Zumindest bei den Kindern gebe es einen ersten Hoffnungsschimmer: Der Anteil Übergewichtiger bei den Einschulungsuntersuchungen sei seit einigen Jahren stabil, in einigen Bundesländern wie etwa Thüringen sogar rückläufig, sagt der Ernährungswissenschaftler Helmut Heseker von der Universität Paderborn, der zugleich Präsidiumsmitglied der Deutschen Gesellschaft für Ernährung (DGE) ist. Gerade für Kinder und Jugendliche sei Übergewicht der massiven Langzeitfolgen fatal. Bei den Erwachsenen sei vor allem die Entwicklung problematisch, dass zwar die Zahl der leicht Übergewichtigen (BMI 25-30) inzwischen stagniere, die Dicken aber immer dicker würden. „Wer mit 40 Jahren adipös ist, hat statistisch eine um fünf bis acht Jahre reduzierte Lebenserwartung.“Zudem litten solche Menschen meist viele Jahre an chronischen Krankheiten. Von einmal angelegtem Übergewicht wieder wegzukommen, sei oft extrem schwer, weil der Körper immer wieder auf sein früheres Höchstgewicht zusteuere, erklärt Heseker. Die Folgen von Übergewicht sind fatal: Mit der Zahl adipöser Schwangerer steige nicht nur die Zahl direkter Komplikationen etwa bei der Geburt, sondern auch das Risiko ihrer Kinder, selbst später an Übergewicht und damit verbundenen Krankheiten zu leiden. Der aktuellen Studie zufolge starben 2015 weltweit etwa vier Millionen Menschen an den Folgen ihres Übergewichts. Todesursachen waren in zwei Dritteln der Fälle HerzKreislauferkrankungen. Es folgten Diabetes (15 Prozent) sowie chronische Nierenerkrankungen und Krebs (unter zehn Prozent).

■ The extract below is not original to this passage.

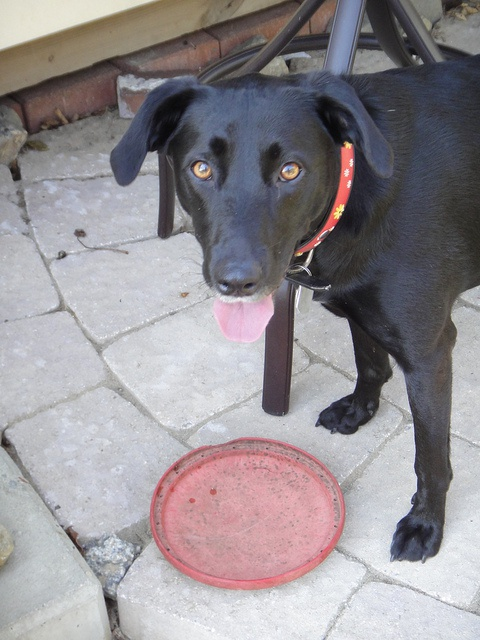Describe the objects in this image and their specific colors. I can see dog in lightgray, gray, and black tones and frisbee in lightgray, lightpink, darkgray, and salmon tones in this image.

Zu viel Kalorien, zu wenig Energieverbrauch
Vor einem Jahr war eine Studie im Fachblatt „The Lancet“zu einer anderen Zahl von Fettleibigen gekommen. Demnach zählten 2014 gut 640 Millionen Menschen ab 18 Jahren dazu – 266 Millionen Männer und 375 Millionen Frauen. Solche weltweiten Berechnungen beruhten auf einer Kombination von Studien, deren Daten hochgerechnet würden, sagt Frank Jakobus Rühli vom Institut für Evolutionäre Medizin der Universität Zürich, Koautor der „Lancet“-Veröffentlichung. „Das ist immer etwas unsicher.“Dennoch spiegeln die zunehmenden Zahlen einen wichtigen Trend wider, so Rühli. „Das ist insbesondere bei Jugendlichen ein Problem“, sagt er. Es gebe heutzutage mehr Möglichkeiten, übermäßig Kalorien aufzunehmen, gleichzeitig sinke bei vielen Menschen der Energieverbrauch.
Der menschliche Körper sei von der Evolution darauf getrimmt worden, auf Hunger und Zeiten des Mangels zu reagieren, erklärt DGE-Präsident Heseker. Dieser Effekt sei mit ein Grund dafür, dass gerade in Ländern, in denen Hunger vor ein, zwei Generationen noch alltäglich war, die Zahl Übergewichtiger so massiv in die Höhe schnelle.